Why should we be the ones to take the web compat hit on this?

- Kyle
On Apr 14, 2016 1:55 AM, "Chris Peterson" <cpeter...@mozilla.com> wrote:

> Summary: Treat cookies set over non-secure HTTP as session cookies
>
> Exactly one year ago today (!), Henri Sivonen proposed [1] treating
> cookies without the `secure` flag as session cookies.
>
> PROS:
>
> * Security: login cookies set over non-secure HTTP can be sniffed and
> replayed. Clearing those cookies at the end of the browser session would
> force the user to log in again next time, reducing the window of
> opportunity for an attacker to replay the login cookie. To avoid this,
> login-requiring sites should use HTTPS for at least their login page that
> set the login cookie.
>
> * Privacy: most ad networks still use non-secure HTTP. Content sites that
> use these ad networks are prevented from deploying HTTPS themselves because
> of HTTP/HTTPS mixed content breakage. Clearing user-tracking cookies set
> over non-secure HTTP at the end of every browser session would be a strong
> motivator for ad networks to upgrade to HTTPS, which would unblock content
> sites' HTTPS rollouts.
>
> However, my testing of Henri's original proposal shows that too few sites
> set the `secure` cookie flag for this to be practical. Even sites that
> primarily use HTTPS, like google.com, omit the `secure` flag for many
> cookies set over HTTPS.
>
> Instead, I propose treating all cookies set over non-secure HTTP as
> session cookies, regardless of whether they have the `secure` flag. Cookies
> set over HTTPS would be treated as "secure so far" and allowed to persist
> beyond the current browser session. This approach could be tightened so any
> "secure so far" cookies later sent over non-secure HTTP could be downgraded
> to session cookies. Note that Firefox's session restore will persist
> "session" cookies between browser restarts for the tabs that had been open.

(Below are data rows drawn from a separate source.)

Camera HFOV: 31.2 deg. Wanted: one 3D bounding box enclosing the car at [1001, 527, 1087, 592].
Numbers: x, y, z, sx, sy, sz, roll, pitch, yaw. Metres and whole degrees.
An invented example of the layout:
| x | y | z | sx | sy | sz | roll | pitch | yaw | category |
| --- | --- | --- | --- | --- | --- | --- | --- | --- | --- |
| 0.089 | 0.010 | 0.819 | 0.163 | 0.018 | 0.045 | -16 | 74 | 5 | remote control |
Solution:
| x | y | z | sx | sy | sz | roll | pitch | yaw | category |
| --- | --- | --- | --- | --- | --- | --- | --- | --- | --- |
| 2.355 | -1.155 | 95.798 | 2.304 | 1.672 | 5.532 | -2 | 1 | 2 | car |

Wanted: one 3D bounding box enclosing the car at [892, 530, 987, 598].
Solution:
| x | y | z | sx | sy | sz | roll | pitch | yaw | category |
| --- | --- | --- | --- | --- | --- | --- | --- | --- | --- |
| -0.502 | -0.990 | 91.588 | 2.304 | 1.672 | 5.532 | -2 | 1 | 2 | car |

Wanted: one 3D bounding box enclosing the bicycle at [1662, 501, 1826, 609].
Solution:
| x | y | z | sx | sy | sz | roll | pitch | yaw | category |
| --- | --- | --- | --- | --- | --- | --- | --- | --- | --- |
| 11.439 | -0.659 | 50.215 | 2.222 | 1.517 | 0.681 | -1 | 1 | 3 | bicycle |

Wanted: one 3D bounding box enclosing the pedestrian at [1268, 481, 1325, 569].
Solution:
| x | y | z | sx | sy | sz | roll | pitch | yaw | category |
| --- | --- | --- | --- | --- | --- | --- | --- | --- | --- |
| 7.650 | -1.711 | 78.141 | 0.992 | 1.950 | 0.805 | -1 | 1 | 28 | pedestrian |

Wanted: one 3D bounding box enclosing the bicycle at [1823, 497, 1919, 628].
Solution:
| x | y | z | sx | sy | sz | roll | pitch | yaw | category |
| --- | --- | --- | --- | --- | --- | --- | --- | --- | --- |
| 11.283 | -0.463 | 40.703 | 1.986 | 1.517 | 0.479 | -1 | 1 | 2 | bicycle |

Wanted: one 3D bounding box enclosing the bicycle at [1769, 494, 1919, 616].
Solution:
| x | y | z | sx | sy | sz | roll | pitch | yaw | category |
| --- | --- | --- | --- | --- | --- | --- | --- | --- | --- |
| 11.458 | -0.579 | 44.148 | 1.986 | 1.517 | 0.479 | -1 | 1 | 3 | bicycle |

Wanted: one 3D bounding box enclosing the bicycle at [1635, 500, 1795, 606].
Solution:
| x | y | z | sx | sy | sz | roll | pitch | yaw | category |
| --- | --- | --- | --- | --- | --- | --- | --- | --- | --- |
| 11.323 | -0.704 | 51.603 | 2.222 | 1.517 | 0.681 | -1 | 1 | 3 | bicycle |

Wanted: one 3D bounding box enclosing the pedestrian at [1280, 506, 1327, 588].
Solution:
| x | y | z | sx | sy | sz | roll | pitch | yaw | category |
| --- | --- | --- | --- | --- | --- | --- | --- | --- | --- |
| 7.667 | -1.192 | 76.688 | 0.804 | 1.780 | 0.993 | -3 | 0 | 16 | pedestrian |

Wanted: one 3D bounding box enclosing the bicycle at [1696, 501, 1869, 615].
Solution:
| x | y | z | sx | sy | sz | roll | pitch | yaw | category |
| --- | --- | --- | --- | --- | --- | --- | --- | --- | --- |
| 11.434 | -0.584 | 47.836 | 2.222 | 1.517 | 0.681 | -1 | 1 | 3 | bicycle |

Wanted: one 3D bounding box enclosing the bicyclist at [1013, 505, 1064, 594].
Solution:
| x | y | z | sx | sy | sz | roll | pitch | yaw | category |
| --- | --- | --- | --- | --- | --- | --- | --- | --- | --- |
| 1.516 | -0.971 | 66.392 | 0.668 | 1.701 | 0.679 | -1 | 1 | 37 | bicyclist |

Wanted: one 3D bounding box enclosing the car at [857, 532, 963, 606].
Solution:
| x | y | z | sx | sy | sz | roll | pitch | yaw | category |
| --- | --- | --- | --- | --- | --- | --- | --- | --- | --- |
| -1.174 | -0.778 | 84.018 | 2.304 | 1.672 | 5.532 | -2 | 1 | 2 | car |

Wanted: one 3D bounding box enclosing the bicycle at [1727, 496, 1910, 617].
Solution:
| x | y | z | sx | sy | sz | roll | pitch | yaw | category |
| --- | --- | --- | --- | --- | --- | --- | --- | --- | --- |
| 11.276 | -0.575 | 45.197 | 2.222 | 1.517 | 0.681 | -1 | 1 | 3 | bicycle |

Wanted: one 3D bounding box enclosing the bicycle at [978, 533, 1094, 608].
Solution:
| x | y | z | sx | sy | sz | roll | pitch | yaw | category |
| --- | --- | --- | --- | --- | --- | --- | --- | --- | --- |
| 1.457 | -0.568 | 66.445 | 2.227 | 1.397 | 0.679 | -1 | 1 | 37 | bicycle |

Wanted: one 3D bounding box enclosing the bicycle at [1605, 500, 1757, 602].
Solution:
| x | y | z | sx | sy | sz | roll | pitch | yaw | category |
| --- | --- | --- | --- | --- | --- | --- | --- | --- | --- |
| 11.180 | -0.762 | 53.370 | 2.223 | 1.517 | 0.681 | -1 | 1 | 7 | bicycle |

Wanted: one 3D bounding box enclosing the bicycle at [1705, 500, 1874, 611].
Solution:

> (This is "eternal session" feature/bug 530594.)
>
> To test my proposal, I loaded the home pages of the Alexa Top 25 News
> sites [2]. These 25 pages set over 1300 cookies! Fewer than 200 were set
> over HTTPS and only 7 had the `secure` flag. About 900 were third-party
> cookies. Treating non-secure cookies as session cookies means that over
> 1100 cookies would be cleared at the end of the browser session!
>
> CONS:
>
> * Sites that allow users to configure preferences without logging into an
> account would forget the users' preferences if they are not using HTTPS.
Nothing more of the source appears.